[Entries shown]

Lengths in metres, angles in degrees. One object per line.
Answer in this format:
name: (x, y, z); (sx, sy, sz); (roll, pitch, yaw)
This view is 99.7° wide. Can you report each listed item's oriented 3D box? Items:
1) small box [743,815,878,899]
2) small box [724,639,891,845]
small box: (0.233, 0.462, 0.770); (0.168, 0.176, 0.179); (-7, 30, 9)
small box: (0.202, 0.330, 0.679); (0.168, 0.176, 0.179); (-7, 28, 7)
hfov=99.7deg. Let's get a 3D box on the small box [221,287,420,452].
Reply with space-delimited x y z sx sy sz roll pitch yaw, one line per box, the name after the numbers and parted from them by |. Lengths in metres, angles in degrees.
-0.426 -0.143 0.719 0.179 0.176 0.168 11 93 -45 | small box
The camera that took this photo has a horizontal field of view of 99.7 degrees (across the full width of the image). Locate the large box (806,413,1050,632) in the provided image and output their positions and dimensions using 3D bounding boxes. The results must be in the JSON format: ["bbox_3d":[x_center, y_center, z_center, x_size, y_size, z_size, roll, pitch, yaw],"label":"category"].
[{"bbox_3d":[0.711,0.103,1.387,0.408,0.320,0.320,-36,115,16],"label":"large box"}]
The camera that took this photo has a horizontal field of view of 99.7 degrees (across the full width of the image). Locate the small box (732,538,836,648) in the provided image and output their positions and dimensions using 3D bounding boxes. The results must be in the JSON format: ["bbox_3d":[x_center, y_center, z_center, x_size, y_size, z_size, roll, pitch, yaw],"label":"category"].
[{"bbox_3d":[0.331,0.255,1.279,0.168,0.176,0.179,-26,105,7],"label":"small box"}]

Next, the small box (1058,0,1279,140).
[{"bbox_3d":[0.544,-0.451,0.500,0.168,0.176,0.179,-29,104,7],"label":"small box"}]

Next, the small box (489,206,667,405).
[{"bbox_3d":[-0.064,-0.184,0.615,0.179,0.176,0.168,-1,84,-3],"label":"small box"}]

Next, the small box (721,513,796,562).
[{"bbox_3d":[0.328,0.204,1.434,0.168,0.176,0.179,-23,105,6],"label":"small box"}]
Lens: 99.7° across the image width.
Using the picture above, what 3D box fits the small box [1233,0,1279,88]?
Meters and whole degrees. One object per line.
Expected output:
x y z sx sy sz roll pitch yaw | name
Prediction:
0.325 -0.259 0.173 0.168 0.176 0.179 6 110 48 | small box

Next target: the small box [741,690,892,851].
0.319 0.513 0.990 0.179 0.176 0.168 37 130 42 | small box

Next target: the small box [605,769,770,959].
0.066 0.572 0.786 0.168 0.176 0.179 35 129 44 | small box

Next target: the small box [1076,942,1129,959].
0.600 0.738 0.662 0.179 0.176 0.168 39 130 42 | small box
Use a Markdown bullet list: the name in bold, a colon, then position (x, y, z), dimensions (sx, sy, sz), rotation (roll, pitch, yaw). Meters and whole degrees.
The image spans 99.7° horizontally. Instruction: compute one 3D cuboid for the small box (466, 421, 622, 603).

[/Entries shown]

From where "Next, the small box (721,513,796,562)." appears to the last line of the listing above, please write out every line exactly; leave out the rest.

- _Exercise output_
Next, the small box (721,513,796,562).
[{"bbox_3d":[0.328,0.204,1.434,0.168,0.176,0.179,-23,105,6],"label":"small box"}]
Lens: 99.7° across the image width.
Using the picture above, what 3D box fits the small box [1233,0,1279,88]?
Meters and whole degrees. One object per line.
Expected output:
x y z sx sy sz roll pitch yaw | name
Prediction:
0.325 -0.259 0.173 0.168 0.176 0.179 6 110 48 | small box

Next target: the small box [741,690,892,851].
0.319 0.513 0.990 0.179 0.176 0.168 37 130 42 | small box

Next target: the small box [605,769,770,959].
0.066 0.572 0.786 0.168 0.176 0.179 35 129 44 | small box

Next target: the small box [1076,942,1129,959].
0.600 0.738 0.662 0.179 0.176 0.168 39 130 42 | small box
Use a Markdown bullet list: the name in bold, a colon, then position (x, y, z), dimensions (sx, sy, sz), rotation (roll, pitch, yaw). Meters and whole degrees.
The image spans 99.7° horizontally. Instruction: compute one 3D cuboid for the small box (466, 421, 622, 603).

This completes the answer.